May 28, 2013 in Business

In brief: Hotel developer dies at age 94 in Missouri

From Wire Reports
 

SPRINGFIELD, Mo. – Prominent hotel developer and Missouri philanthropist John Q. Hammons has died. He was 94.

His company says Hammons passed away Sunday at the Springfield nursing home where he’d lived after stepping away from the company he led well into his 80s.

After his first business went bust in the 1940s, Hammons built subdivisions in southwest Missouri before purchasing 10 Holiday Inn franchises with a partner in 1958.

He went on to build 200 hotels nationwide, avoiding big cities in favor of college towns and state capitals.

EU’s biggest paper will install paywall

BERLIN – Europe’s top-selling newspaper said Monday it will introduce a paywall for part of its online offerings starting next month.

Main news stories will remain free of charge online, but a subscription will be required to view features, interviews and other exclusive content, German tabloid Bild said.

The basic digital subscription will cost $6.50 per month starting June 11, and twice that for a premium version that includes the tabloid as an e-paper.

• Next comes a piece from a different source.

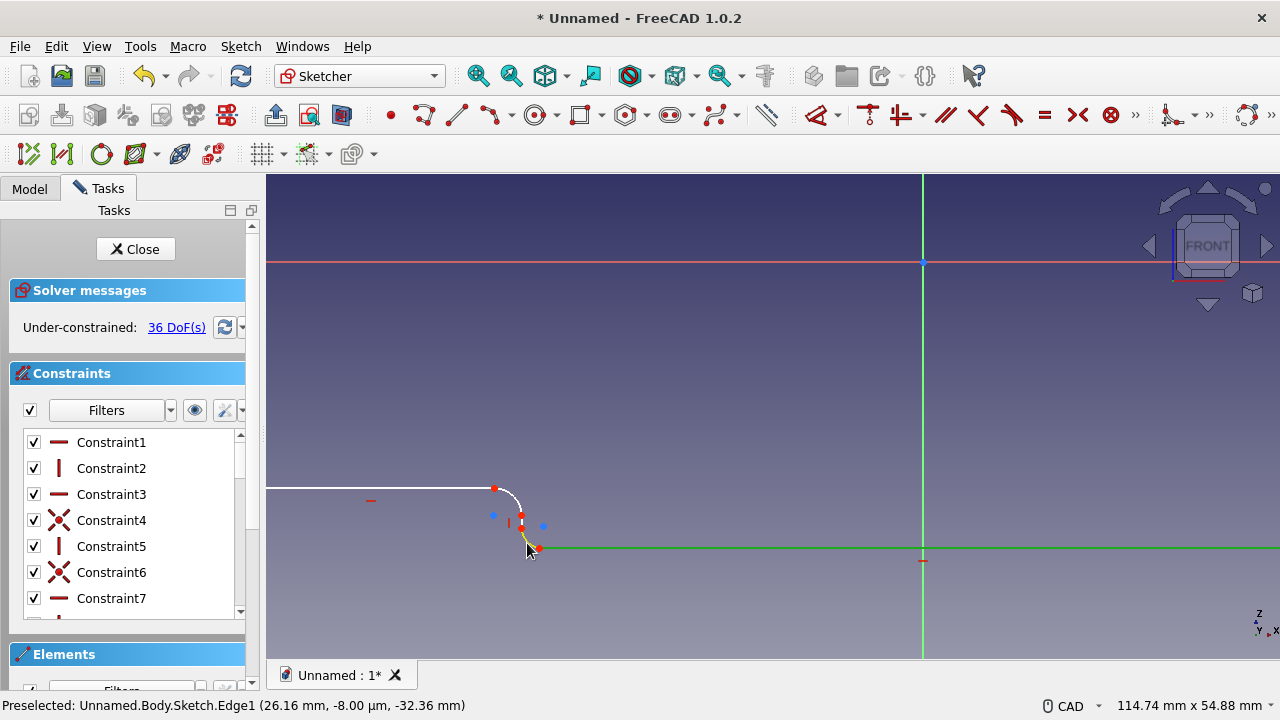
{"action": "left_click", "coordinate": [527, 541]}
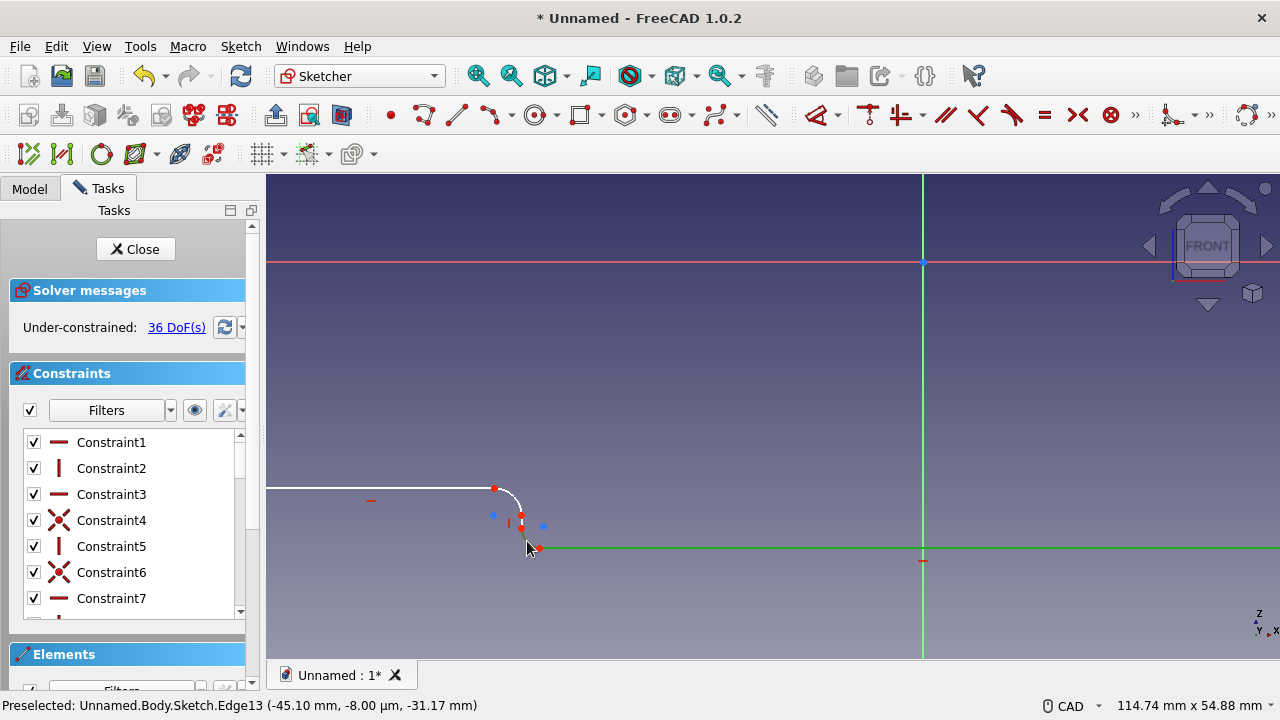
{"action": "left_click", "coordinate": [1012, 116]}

The Axel Springer AG-owned newspaper will also offer readers buying a print copy, at 70 euro cents a day, a pass to its online content. The pass will be unique to each paper, thanks to a new printing technique, which the company calls a “world premiere” for the industry.

Canadian drugmaker buys Bausch & Lomb

Canadian drugmaker Valeant Pharmaceuticals said Monday that it will pay $8.7 billion to buy Bausch & Lomb, one of the world’s best-known makers of contact lenses, in a massive expansion of Valeant’s smaller ophthalmology business.

Valeant said the cash deal will help it capitalize on increasing demand for contact lenses and other products because of aging populations, growing demand in emerging markets and increasing rates of diabetes. Complications of the complex blood sugar disorder can damage the eyes over time.

Investment firm Warburg Pincus, which leads an investment group that owns Bausch & Lomb, will receive $4.5 billion in cash. The remaining $4.2 billion will be used to repay Bausch & Lomb’s debt.